If you are reading data into a SAS dataset with the INPUT statement, you tell SAS a variable is a DATE variable by following its name on the INPUT statement with an “informat” – literally the format you want SAS to use to read in the information, hence the reason it’s called an informat.    You’ll see the informats in blue in the SAS example below.

There are many different informats provided with SAS to give you very fine control over how a variable should be created.

The close cousins to informats  are formats formats give you very fine control over how a variable should be displayed in the output of Procedures (e.g. PROC PRINT).

We’ll be using the date11. informat to create variables of type DATE.  You can see thedate11. informat in blue text after both of the admit and discharge variables on the INPUT statement in the SAS example below.
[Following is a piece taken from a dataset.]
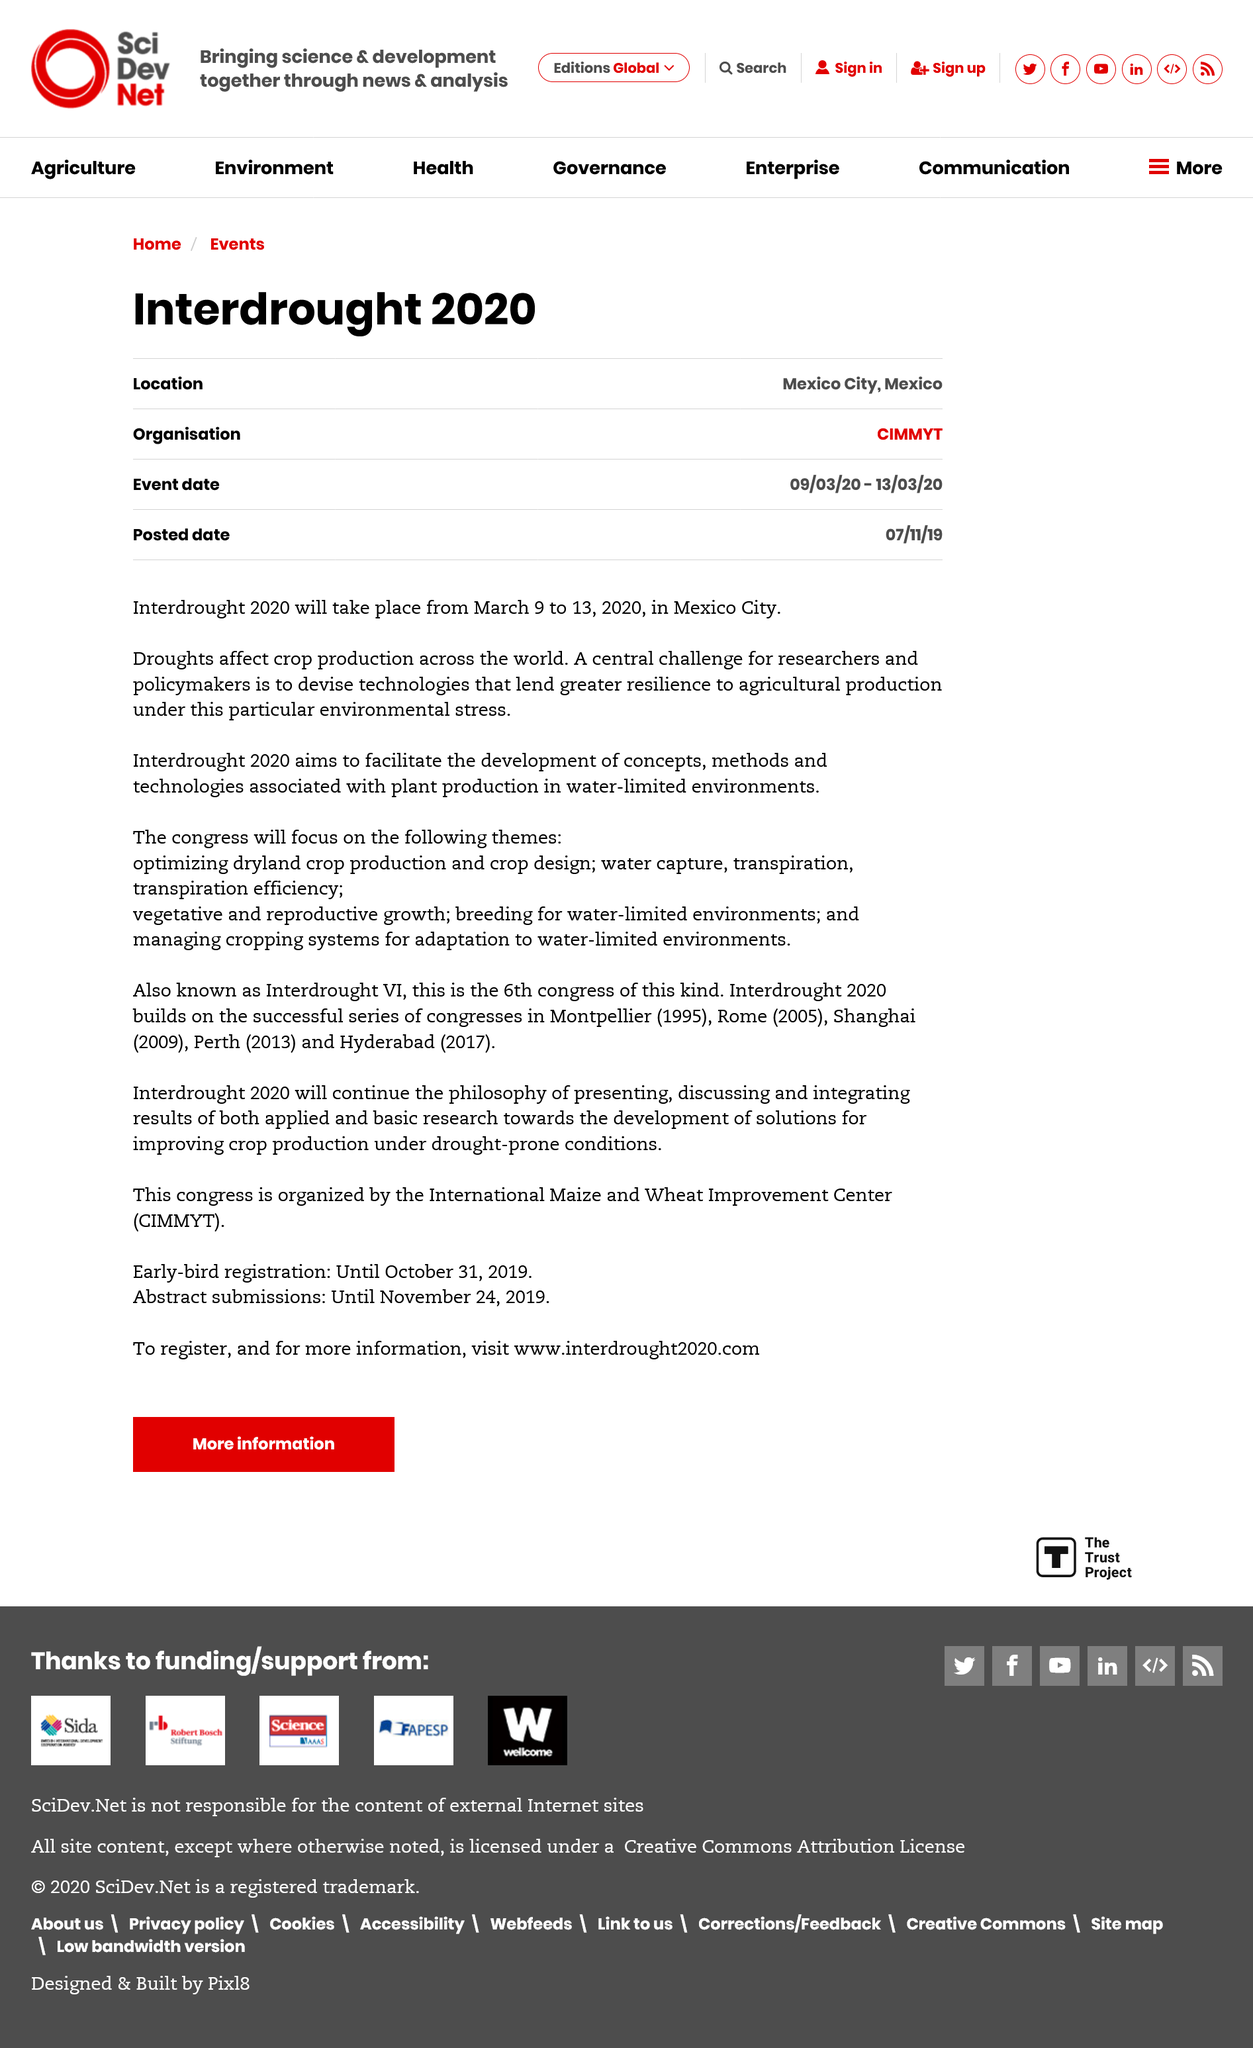List a handful of essential elements in this visual. The organization for Interdrought 2020 is the International Maize and Wheat Improvement Center (CIMMYT). Droughts significantly impact crop production across the world, as they can lead to reduced water availability, soil moisture depletion, and decreased plant growth and yield. It has been announced that Interdrought 2020 will be held in Mexico City.

The date11. informat specifies that the variable named just before it on the INPUT statement should be created as type DATE.   Also the date11. informat gives SAS a picture of what the data in the raw data file looks like so SAS knows what part of the data is the day, what part is the month and what part is the year.  If your date data is recorded in a different format in your raw data file than the dd-mmm-yyyy layout we’re using below (e.g. 04-OCT-2013 ) then you merely give SAS the correct informat to describe the way your raw data is setup.  You’ll see a complete list of the informats that apply to reading dates here.  Just choose the one that describes how your raw data on dates has been entered in the external data file you are reading.   Here is a list of the most commonly usedinformats – note all the informats end with a period:
INPUT LOOKS LIKE                       USE THIS INFORMAT
01/23/1963                                                 mmddyy10.
1/23/1963                                                   mmddyy10.
01/23/63                                                     mmddyy8.
1/23/63                                                       mmddyy8.
January 23,1963                                        worddate20.
jan 23, 1963                                               worddate12.
23jan1963                                                  date9.
23jan63                                                      date7.
23-jan-1963                                               date11.
01-23-63                                                   mmddyy8.
19630123                                                 yymmdd8.

The above examples are from this paper.

In addition, this SUGI paper provides some excellent examples of how to use the variousinformats, combined with SAS Functions that work with dates, to do date calculations.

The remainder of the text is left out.